- _Exercise_
Reproduce every record precisely, leaving no line out.

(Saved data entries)

============================================================

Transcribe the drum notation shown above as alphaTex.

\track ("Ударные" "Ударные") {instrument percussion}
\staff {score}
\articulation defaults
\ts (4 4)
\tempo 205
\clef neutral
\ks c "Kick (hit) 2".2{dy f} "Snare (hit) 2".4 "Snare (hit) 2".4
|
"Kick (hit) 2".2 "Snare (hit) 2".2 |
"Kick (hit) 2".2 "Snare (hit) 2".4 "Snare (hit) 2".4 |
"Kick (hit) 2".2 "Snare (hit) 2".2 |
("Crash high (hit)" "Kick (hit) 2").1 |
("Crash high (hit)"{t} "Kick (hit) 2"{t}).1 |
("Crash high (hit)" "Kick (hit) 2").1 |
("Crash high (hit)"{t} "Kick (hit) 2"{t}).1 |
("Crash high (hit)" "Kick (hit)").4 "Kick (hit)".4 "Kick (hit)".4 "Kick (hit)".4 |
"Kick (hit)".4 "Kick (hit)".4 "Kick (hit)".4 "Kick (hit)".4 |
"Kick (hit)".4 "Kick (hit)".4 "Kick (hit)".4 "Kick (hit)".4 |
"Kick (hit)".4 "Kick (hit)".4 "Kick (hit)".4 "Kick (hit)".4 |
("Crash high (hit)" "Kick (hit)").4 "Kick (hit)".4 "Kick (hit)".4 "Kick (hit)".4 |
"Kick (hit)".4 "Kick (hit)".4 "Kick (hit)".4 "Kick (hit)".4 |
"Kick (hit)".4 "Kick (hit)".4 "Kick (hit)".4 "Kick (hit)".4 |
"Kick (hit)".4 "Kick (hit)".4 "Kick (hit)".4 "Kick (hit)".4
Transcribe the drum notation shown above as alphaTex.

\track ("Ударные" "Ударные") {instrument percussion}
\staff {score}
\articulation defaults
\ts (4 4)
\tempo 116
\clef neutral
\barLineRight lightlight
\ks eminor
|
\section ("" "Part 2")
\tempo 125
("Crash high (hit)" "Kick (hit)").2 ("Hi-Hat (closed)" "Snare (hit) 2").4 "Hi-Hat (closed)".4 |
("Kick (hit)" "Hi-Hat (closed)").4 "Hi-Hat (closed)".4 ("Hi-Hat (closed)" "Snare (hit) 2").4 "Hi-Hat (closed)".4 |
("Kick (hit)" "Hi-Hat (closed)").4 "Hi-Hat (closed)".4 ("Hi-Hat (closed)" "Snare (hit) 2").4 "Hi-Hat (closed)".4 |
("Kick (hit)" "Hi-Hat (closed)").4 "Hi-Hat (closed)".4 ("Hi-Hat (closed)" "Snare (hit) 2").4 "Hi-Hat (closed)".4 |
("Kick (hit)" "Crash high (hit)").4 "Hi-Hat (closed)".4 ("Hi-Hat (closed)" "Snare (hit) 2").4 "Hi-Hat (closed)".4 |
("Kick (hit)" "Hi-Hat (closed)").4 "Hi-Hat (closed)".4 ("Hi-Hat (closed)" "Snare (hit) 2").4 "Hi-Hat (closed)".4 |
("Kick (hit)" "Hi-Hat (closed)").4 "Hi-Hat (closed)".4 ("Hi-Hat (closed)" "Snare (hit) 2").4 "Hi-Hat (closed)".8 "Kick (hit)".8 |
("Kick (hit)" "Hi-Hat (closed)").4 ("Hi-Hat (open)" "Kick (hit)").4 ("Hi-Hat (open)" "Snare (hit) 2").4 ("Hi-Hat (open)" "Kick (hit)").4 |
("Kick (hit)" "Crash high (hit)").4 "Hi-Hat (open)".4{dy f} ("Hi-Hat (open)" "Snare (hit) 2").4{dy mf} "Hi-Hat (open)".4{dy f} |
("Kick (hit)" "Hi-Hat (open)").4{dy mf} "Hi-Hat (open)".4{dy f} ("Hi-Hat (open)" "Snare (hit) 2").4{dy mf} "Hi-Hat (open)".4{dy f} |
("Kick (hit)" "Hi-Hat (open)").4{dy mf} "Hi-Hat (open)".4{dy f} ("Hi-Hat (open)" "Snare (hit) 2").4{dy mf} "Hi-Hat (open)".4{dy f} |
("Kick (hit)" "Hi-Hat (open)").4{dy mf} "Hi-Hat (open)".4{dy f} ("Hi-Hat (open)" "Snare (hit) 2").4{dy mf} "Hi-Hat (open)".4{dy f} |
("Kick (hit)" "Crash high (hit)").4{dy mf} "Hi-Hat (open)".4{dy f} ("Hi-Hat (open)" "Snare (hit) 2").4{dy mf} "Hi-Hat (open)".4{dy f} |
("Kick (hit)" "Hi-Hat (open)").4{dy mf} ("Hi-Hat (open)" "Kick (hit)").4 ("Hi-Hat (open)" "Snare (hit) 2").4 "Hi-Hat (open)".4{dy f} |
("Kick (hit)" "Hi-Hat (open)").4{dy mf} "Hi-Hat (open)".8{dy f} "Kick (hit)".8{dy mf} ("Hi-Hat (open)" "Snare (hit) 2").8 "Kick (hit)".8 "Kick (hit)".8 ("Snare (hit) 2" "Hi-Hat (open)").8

============================================================

- _Written answer_
Transcribe the drum notation shown above as alphaTex.

\track ("Ударные" "Ударные") {instrument percussion}
\staff {score}
\articulation defaults
\ts (4 4)
\tempo 205
\clef neutral
\ks c "Kick (hit) 2".2{dy f} "Snare (hit) 2".4 "Snare (hit) 2".4
|
"Kick (hit) 2".2 "Snare (hit) 2".2 |
"Kick (hit) 2".2 "Snare (hit) 2".4 "Snare (hit) 2".4 |
"Kick (hit) 2".2 "Snare (hit) 2".2 |
("Crash high (hit)" "Kick (hit) 2").1 |
("Crash high (hit)"{t} "Kick (hit) 2"{t}).1 |
("Crash high (hit)" "Kick (hit) 2").1 |
("Crash high (hit)"{t} "Kick (hit) 2"{t}).1 |
("Crash high (hit)" "Kick (hit)").4 "Kick (hit)".4 "Kick (hit)".4 "Kick (hit)".4 |
"Kick (hit)".4 "Kick (hit)".4 "Kick (hit)".4 "Kick (hit)".4 |
"Kick (hit)".4 "Kick (hit)".4 "Kick (hit)".4 "Kick (hit)".4 |
"Kick (hit)".4 "Kick (hit)".4 "Kick (hit)".4 "Kick (hit)".4 |
("Crash high (hit)" "Kick (hit)").4 "Kick (hit)".4 "Kick (hit)".4 "Kick (hit)".4 |
"Kick (hit)".4 "Kick (hit)".4 "Kick (hit)".4 "Kick (hit)".4 |
"Kick (hit)".4 "Kick (hit)".4 "Kick (hit)".4 "Kick (hit)".4 |
"Kick (hit)".4 "Kick (hit)".4 "Kick (hit)".4 "Kick (hit)".4
Transcribe the drum notation shown above as alphaTex.

\track ("Ударные" "Ударные") {instrument percussion}
\staff {score}
\articulation defaults
\ts (4 4)
\tempo 116
\clef neutral
\barLineRight lightlight
\ks eminor
|
\section ("" "Part 2")
\tempo 125
("Crash high (hit)" "Kick (hit)").2 ("Hi-Hat (closed)" "Snare (hit) 2").4 "Hi-Hat (closed)".4 |
("Kick (hit)" "Hi-Hat (closed)").4 "Hi-Hat (closed)".4 ("Hi-Hat (closed)" "Snare (hit) 2").4 "Hi-Hat (closed)".4 |
("Kick (hit)" "Hi-Hat (closed)").4 "Hi-Hat (closed)".4 ("Hi-Hat (closed)" "Snare (hit) 2").4 "Hi-Hat (closed)".4 |
("Kick (hit)" "Hi-Hat (closed)").4 "Hi-Hat (closed)".4 ("Hi-Hat (closed)" "Snare (hit) 2").4 "Hi-Hat (closed)".4 |
("Kick (hit)" "Crash high (hit)").4 "Hi-Hat (closed)".4 ("Hi-Hat (closed)" "Snare (hit) 2").4 "Hi-Hat (closed)".4 |
("Kick (hit)" "Hi-Hat (closed)").4 "Hi-Hat (closed)".4 ("Hi-Hat (closed)" "Snare (hit) 2").4 "Hi-Hat (closed)".4 |
("Kick (hit)" "Hi-Hat (closed)").4 "Hi-Hat (closed)".4 ("Hi-Hat (closed)" "Snare (hit) 2").4 "Hi-Hat (closed)".8 "Kick (hit)".8 |
("Kick (hit)" "Hi-Hat (closed)").4 ("Hi-Hat (open)" "Kick (hit)").4 ("Hi-Hat (open)" "Snare (hit) 2").4 ("Hi-Hat (open)" "Kick (hit)").4 |
("Kick (hit)" "Crash high (hit)").4 "Hi-Hat (open)".4{dy f} ("Hi-Hat (open)" "Snare (hit) 2").4{dy mf} "Hi-Hat (open)".4{dy f} |
("Kick (hit)" "Hi-Hat (open)").4{dy mf} "Hi-Hat (open)".4{dy f} ("Hi-Hat (open)" "Snare (hit) 2").4{dy mf} "Hi-Hat (open)".4{dy f} |
("Kick (hit)" "Hi-Hat (open)").4{dy mf} "Hi-Hat (open)".4{dy f} ("Hi-Hat (open)" "Snare (hit) 2").4{dy mf} "Hi-Hat (open)".4{dy f} |
("Kick (hit)" "Hi-Hat (open)").4{dy mf} "Hi-Hat (open)".4{dy f} ("Hi-Hat (open)" "Snare (hit) 2").4{dy mf} "Hi-Hat (open)".4{dy f} |
("Kick (hit)" "Crash high (hit)").4{dy mf} "Hi-Hat (open)".4{dy f} ("Hi-Hat (open)" "Snare (hit) 2").4{dy mf} "Hi-Hat (open)".4{dy f} |
("Kick (hit)" "Hi-Hat (open)").4{dy mf} ("Hi-Hat (open)" "Kick (hit)").4 ("Hi-Hat (open)" "Snare (hit) 2").4 "Hi-Hat (open)".4{dy f} |
("Kick (hit)" "Hi-Hat (open)").4{dy mf} "Hi-Hat (open)".8{dy f} "Kick (hit)".8{dy mf} ("Hi-Hat (open)" "Snare (hit) 2").8 "Kick (hit)".8 "Kick (hit)".8 ("Snare (hit) 2" "Hi-Hat (open)").8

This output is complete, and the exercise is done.